··· Data in this exercise

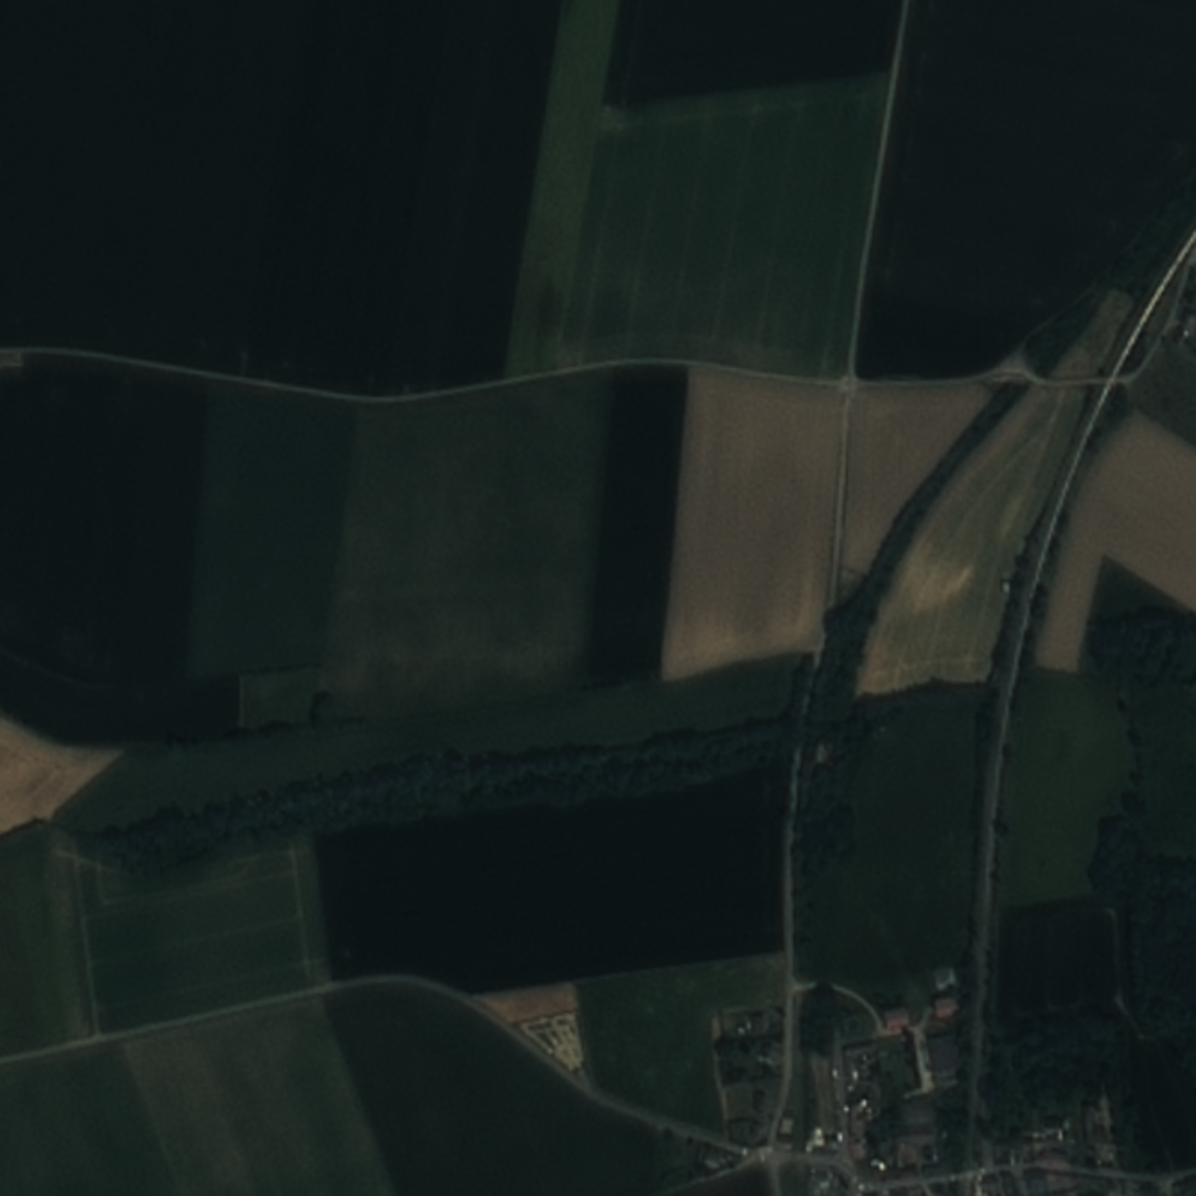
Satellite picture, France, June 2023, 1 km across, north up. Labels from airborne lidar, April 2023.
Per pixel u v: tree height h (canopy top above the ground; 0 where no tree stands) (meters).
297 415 0
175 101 0
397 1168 0
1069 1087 19
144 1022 0
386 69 0
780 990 0
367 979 0
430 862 0
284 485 0
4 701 0
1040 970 0
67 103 0
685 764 10
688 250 0
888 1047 0
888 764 0
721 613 0
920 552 0
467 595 0
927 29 0
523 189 0
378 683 0
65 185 0
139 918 0
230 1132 0
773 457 0
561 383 0
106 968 0
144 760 0
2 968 0
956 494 0
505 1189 0
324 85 0
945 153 0
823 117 0
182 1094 0
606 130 0
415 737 0
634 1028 0
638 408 0
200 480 0
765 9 0
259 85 0
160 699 0
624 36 0
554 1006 0
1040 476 0
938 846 0
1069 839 0
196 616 0
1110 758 0
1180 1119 0
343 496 0
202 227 0
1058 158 0
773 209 0
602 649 0
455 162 0
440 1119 0
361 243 0
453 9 0
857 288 0
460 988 0
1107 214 0
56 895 0
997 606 0
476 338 0
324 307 0
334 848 0
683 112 0
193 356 0
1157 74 0
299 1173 0
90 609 0
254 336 0
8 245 0
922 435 0
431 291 0
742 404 0
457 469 0
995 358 0
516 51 0
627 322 0
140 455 0
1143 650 35
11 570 0
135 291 0
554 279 0
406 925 0
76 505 0
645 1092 0
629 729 0
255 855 0
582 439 0
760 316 0
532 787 17
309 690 0
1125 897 13
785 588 0
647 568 0
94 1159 0
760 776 0
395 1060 0
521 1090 0
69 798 0
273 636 0
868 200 0
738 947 0
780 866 0
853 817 13
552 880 0
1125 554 0
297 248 0
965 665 0
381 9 0
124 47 0
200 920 0
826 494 0
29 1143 0
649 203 0
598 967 0
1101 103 0
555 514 0
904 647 0

······

=== What is required ===
Set down the entries above exactly; no pictures belong in the copy.

=== Result ===
Satellite picture, France, June 2023, 1 km across, north up. Labels from airborne lidar, April 2023.
Per pixel u v: tree height h (canopy top above the ground; 0 where no tree stands) (meters).
297 415 0
175 101 0
397 1168 0
1069 1087 19
144 1022 0
386 69 0
780 990 0
367 979 0
430 862 0
284 485 0
4 701 0
1040 970 0
67 103 0
685 764 10
688 250 0
888 1047 0
888 764 0
721 613 0
920 552 0
467 595 0
927 29 0
523 189 0
378 683 0
65 185 0
139 918 0
230 1132 0
773 457 0
561 383 0
106 968 0
144 760 0
2 968 0
956 494 0
505 1189 0
324 85 0
945 153 0
823 117 0
182 1094 0
606 130 0
415 737 0
634 1028 0
638 408 0
200 480 0
765 9 0
259 85 0
160 699 0
624 36 0
554 1006 0
1040 476 0
938 846 0
1069 839 0
196 616 0
1110 758 0
1180 1119 0
343 496 0
202 227 0
1058 158 0
773 209 0
602 649 0
455 162 0
440 1119 0
361 243 0
453 9 0
857 288 0
460 988 0
1107 214 0
56 895 0
997 606 0
476 338 0
324 307 0
334 848 0
683 112 0
193 356 0
1157 74 0
299 1173 0
90 609 0
254 336 0
8 245 0
922 435 0
431 291 0
742 404 0
457 469 0
995 358 0
516 51 0
627 322 0
140 455 0
1143 650 35
11 570 0
135 291 0
554 279 0
406 925 0
76 505 0
645 1092 0
629 729 0
255 855 0
582 439 0
760 316 0
532 787 17
309 690 0
1125 897 13
785 588 0
647 568 0
94 1159 0
760 776 0
395 1060 0
521 1090 0
69 798 0
273 636 0
868 200 0
738 947 0
780 866 0
853 817 13
552 880 0
1125 554 0
297 248 0
965 665 0
381 9 0
124 47 0
200 920 0
826 494 0
29 1143 0
649 203 0
598 967 0
1101 103 0
555 514 0
904 647 0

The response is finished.